» Task brief: Using the listing below, report how many lines contain the word "stroke" and give no other words.

» The input:
= = = = = = =
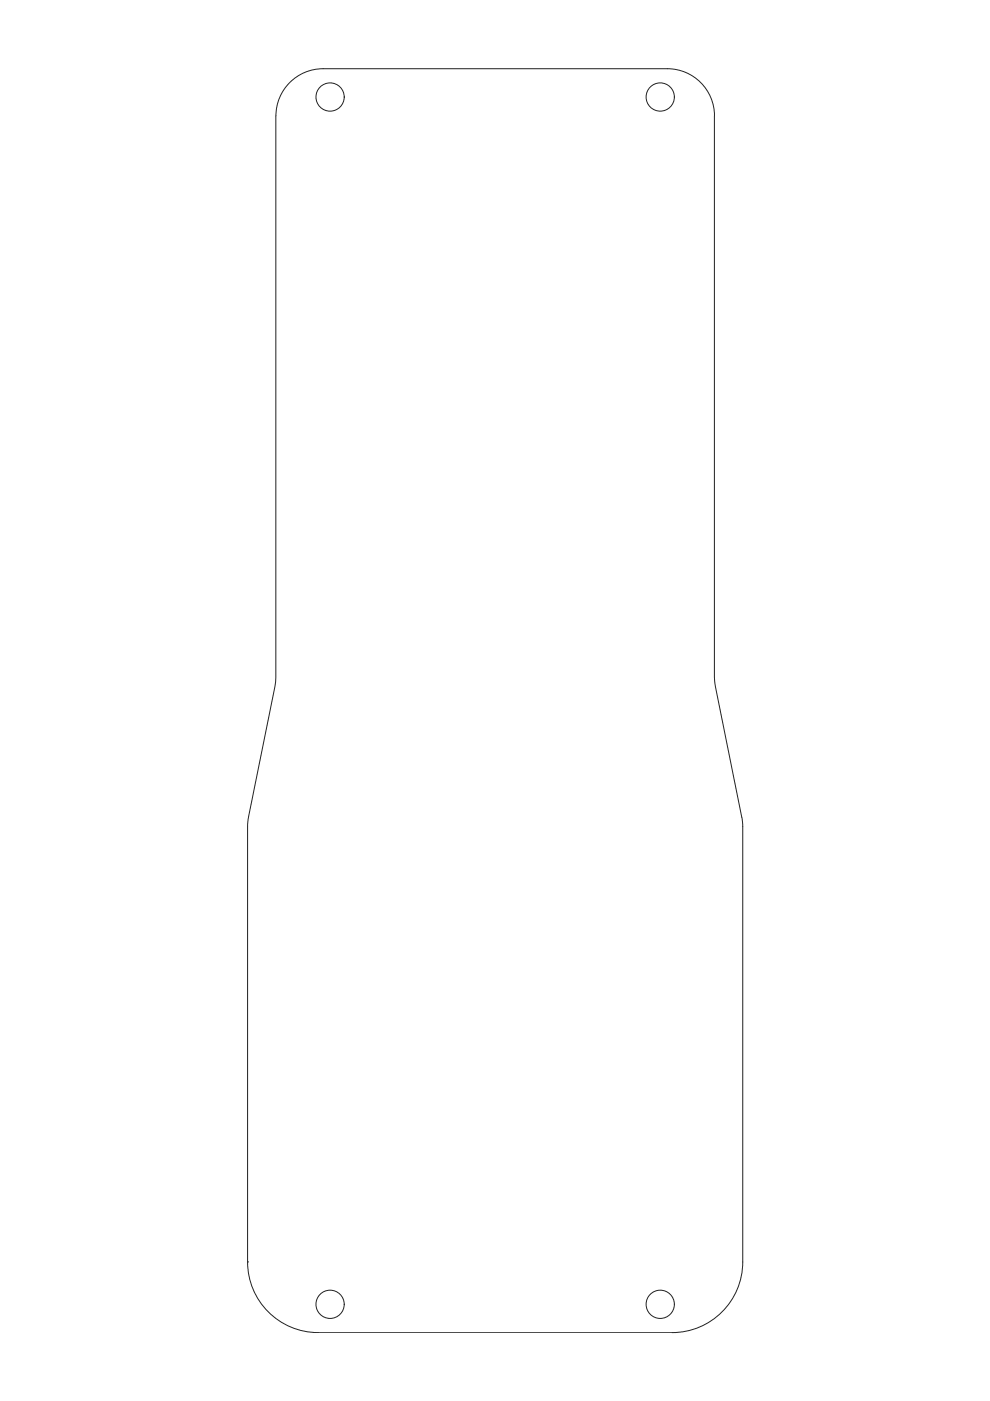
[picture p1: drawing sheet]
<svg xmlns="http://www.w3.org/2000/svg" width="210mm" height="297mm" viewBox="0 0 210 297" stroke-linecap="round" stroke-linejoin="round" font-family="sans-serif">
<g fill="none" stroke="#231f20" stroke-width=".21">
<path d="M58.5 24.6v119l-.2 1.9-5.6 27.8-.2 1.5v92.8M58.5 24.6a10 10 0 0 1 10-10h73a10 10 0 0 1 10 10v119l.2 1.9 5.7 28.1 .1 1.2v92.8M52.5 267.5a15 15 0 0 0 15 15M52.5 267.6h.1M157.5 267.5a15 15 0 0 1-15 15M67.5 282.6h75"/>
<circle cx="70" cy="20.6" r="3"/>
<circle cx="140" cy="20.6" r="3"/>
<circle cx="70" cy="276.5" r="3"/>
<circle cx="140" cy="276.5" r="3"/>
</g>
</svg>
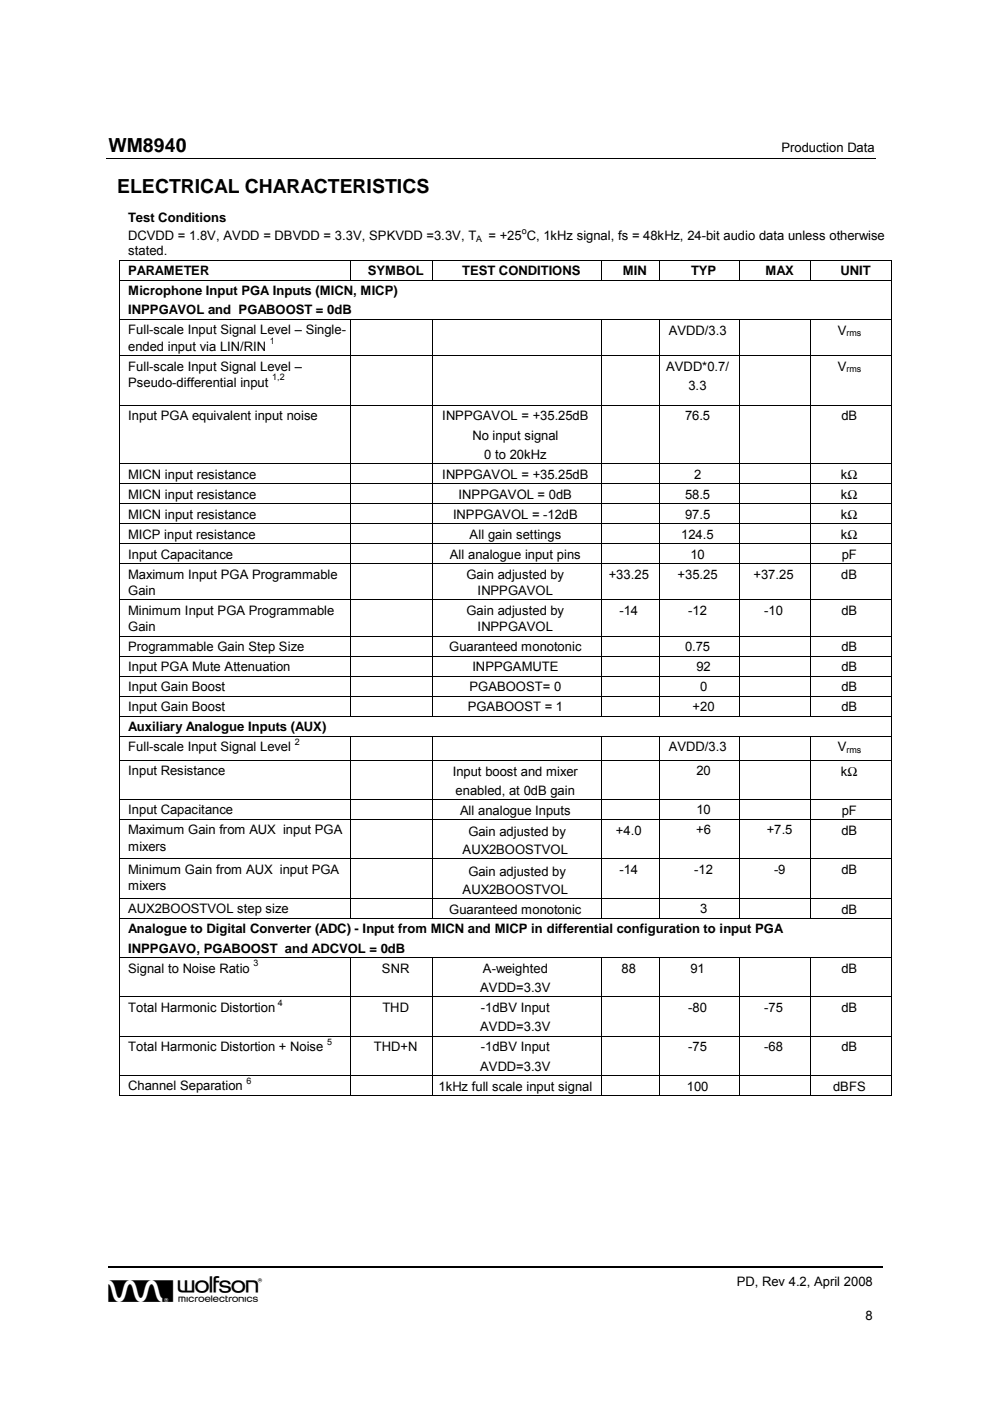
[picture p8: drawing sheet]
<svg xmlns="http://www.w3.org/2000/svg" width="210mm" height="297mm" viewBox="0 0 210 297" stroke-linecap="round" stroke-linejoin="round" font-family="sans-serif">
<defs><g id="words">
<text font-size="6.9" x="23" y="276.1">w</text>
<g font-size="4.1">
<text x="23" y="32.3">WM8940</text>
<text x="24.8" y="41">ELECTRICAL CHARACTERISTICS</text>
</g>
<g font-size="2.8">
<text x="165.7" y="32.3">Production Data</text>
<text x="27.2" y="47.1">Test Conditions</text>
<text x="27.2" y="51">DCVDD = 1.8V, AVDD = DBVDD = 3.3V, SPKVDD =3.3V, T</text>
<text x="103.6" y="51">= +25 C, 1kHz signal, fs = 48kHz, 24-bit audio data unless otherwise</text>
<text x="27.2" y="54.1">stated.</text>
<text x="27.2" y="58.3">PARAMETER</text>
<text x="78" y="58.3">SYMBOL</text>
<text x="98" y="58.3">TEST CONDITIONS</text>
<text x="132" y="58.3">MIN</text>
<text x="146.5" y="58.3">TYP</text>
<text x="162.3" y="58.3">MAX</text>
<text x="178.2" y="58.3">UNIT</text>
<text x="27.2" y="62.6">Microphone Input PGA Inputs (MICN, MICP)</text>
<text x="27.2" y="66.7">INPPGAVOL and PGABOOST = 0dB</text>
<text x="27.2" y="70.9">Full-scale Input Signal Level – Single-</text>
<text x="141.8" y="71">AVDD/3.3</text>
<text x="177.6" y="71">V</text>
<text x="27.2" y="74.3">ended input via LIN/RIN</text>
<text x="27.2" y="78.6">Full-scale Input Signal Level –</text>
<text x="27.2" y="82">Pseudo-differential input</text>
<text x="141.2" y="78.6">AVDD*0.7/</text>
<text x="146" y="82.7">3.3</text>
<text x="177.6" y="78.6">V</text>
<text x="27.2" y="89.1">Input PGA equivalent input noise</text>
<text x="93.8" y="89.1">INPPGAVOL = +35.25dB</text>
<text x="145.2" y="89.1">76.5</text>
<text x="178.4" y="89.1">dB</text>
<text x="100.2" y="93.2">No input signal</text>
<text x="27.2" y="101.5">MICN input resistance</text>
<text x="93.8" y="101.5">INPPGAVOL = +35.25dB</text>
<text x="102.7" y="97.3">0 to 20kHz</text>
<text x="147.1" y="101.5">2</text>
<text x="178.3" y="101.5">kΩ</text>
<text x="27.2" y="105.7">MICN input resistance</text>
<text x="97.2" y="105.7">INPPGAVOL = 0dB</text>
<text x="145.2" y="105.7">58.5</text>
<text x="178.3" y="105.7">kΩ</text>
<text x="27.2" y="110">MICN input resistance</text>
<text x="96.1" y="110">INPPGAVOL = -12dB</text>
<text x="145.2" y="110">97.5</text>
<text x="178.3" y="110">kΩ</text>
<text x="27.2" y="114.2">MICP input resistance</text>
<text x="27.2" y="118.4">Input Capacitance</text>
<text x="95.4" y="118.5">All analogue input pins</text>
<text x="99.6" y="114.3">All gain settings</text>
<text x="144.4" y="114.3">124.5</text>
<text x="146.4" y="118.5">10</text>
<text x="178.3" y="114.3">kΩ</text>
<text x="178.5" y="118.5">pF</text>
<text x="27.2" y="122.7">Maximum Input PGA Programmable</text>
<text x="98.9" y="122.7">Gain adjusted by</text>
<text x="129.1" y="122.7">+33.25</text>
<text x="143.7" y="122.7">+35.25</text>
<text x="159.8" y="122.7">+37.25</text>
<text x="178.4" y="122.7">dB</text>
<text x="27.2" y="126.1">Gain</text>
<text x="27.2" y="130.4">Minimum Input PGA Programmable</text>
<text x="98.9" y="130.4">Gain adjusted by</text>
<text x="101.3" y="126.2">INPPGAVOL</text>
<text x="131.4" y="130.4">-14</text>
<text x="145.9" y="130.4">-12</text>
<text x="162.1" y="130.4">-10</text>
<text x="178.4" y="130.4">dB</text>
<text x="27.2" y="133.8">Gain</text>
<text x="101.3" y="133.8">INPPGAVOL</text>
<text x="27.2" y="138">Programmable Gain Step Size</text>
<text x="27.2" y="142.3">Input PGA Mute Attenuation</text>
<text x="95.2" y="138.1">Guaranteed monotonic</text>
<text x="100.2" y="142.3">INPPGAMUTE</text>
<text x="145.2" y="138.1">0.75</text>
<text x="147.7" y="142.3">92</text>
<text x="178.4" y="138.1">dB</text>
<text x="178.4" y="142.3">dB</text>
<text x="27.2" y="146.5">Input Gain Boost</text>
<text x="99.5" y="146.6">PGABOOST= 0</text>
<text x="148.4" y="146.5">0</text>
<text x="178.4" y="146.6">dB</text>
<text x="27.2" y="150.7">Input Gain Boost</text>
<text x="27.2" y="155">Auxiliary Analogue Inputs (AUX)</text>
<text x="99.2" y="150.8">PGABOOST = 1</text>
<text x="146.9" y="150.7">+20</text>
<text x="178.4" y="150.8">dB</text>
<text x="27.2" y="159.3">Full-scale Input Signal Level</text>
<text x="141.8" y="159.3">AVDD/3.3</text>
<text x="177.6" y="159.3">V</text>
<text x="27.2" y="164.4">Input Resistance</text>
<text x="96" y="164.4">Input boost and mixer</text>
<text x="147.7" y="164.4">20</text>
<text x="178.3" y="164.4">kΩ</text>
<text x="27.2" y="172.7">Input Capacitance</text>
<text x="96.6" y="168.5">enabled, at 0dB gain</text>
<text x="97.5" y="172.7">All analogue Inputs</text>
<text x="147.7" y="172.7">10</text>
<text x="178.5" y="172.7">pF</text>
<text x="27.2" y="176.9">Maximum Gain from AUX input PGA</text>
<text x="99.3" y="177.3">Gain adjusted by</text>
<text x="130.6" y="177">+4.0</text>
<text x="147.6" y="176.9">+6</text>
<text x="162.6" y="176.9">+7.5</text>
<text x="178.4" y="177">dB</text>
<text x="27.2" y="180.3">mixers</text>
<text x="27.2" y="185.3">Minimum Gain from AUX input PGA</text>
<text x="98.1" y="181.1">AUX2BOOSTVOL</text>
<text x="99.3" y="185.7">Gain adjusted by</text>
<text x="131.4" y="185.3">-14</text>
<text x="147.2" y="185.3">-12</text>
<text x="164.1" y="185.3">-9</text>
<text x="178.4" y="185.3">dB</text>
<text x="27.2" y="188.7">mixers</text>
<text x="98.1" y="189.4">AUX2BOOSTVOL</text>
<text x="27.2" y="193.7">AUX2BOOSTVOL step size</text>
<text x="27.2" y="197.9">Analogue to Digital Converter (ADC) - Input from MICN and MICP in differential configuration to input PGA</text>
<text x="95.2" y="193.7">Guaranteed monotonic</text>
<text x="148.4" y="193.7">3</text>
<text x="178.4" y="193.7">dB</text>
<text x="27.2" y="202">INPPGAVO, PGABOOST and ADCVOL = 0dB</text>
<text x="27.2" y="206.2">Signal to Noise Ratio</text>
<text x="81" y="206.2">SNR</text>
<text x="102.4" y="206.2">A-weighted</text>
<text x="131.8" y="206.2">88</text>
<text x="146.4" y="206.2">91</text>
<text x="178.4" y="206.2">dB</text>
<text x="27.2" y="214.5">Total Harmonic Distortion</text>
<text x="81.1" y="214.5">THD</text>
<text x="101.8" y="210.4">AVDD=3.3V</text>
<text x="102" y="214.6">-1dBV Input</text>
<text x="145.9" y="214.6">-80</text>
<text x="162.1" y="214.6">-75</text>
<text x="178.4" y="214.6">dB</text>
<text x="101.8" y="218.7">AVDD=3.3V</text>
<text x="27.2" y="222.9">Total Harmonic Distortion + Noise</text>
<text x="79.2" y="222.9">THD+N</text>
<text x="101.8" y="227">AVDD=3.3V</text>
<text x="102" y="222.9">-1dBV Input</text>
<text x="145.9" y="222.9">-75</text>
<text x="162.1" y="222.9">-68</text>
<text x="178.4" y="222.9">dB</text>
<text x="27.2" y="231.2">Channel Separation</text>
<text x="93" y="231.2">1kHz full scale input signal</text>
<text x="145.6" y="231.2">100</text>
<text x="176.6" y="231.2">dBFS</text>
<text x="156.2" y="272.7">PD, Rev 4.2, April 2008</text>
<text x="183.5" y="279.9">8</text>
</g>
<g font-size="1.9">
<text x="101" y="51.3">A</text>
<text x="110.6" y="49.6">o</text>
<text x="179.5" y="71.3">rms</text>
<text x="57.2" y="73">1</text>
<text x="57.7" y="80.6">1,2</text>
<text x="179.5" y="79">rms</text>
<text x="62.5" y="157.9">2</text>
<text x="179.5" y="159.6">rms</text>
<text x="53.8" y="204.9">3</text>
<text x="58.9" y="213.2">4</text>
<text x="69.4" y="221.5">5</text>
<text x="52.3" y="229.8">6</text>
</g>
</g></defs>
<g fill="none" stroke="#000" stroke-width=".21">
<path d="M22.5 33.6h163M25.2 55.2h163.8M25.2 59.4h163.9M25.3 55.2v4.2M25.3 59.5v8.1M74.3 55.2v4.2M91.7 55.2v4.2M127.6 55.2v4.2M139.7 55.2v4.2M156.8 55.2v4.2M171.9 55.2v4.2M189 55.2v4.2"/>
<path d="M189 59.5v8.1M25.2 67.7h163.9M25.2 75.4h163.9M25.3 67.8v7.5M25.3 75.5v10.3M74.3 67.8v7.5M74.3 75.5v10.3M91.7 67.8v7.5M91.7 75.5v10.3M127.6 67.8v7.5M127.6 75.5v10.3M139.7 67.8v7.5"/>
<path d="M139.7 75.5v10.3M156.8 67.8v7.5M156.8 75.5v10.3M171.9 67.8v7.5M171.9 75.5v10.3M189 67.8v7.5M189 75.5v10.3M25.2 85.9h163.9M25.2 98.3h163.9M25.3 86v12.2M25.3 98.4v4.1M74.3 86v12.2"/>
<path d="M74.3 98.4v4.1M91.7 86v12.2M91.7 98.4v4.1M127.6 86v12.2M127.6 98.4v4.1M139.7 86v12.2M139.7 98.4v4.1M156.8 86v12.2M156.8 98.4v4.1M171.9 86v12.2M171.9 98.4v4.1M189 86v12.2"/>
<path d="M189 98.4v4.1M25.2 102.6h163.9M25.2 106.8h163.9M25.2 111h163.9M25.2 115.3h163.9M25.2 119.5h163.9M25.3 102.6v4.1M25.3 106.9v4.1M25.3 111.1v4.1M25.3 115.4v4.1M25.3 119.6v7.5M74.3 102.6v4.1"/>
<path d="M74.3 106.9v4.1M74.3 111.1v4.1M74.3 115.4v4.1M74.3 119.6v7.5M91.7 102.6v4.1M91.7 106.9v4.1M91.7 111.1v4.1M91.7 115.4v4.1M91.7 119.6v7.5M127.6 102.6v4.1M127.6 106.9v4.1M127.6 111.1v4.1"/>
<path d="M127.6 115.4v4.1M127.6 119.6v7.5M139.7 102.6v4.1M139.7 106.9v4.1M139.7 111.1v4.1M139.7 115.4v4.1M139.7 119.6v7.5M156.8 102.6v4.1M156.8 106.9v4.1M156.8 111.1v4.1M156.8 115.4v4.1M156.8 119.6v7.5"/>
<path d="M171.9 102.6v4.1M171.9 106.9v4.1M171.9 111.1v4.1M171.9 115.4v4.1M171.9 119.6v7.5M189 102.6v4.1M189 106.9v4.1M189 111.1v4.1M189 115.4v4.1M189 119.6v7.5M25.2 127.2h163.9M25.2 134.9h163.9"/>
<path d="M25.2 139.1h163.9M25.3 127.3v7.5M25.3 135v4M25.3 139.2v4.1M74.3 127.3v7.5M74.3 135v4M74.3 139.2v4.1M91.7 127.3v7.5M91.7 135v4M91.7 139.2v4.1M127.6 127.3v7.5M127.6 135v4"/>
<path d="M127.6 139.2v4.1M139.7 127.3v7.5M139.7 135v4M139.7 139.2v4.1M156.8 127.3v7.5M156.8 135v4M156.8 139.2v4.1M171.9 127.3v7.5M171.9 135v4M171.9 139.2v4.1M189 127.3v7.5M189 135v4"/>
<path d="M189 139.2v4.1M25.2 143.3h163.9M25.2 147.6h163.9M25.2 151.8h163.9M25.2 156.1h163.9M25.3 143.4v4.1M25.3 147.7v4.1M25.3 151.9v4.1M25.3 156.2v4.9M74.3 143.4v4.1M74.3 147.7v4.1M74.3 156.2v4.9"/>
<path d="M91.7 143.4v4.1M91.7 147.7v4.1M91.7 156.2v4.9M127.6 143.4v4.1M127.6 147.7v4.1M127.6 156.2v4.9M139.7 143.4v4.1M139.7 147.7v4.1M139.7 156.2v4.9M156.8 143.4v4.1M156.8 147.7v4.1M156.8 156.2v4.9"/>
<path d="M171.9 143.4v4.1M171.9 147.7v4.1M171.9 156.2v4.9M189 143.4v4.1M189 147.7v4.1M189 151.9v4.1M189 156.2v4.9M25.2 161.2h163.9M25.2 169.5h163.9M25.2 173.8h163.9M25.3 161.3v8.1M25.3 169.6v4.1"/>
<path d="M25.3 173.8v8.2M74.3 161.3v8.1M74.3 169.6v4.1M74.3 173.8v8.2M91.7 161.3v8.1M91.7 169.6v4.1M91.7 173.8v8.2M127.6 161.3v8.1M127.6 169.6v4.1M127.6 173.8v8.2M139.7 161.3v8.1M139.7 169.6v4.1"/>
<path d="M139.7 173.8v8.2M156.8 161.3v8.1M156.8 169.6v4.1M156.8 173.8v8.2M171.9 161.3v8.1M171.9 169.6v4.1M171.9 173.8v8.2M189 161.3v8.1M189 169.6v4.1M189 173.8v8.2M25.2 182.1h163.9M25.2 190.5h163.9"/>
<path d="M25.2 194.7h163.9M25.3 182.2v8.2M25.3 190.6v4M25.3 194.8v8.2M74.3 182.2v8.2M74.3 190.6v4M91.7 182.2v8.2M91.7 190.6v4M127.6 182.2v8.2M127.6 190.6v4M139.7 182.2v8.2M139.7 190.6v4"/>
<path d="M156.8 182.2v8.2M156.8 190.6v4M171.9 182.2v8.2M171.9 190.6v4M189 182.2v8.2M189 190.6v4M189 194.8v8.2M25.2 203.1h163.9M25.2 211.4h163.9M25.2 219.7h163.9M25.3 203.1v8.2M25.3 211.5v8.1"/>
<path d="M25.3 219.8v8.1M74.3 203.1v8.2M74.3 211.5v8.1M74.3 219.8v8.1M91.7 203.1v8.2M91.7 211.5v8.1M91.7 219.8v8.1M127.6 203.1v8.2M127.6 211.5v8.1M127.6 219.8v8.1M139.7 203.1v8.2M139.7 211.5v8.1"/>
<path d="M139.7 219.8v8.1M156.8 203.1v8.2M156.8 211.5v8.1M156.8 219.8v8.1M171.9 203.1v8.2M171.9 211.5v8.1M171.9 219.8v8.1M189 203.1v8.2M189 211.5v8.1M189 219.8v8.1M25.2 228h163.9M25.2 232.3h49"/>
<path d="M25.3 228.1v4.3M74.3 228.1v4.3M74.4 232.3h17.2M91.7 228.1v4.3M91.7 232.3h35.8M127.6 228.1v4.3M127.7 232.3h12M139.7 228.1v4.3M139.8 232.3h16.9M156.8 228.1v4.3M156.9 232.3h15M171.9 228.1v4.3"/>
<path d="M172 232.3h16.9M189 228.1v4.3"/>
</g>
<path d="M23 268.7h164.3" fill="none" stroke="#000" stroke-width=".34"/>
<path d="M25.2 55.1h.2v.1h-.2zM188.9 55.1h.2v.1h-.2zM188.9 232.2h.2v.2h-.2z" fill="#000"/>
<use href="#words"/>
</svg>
= = = = = = =
» Exercise answer: 5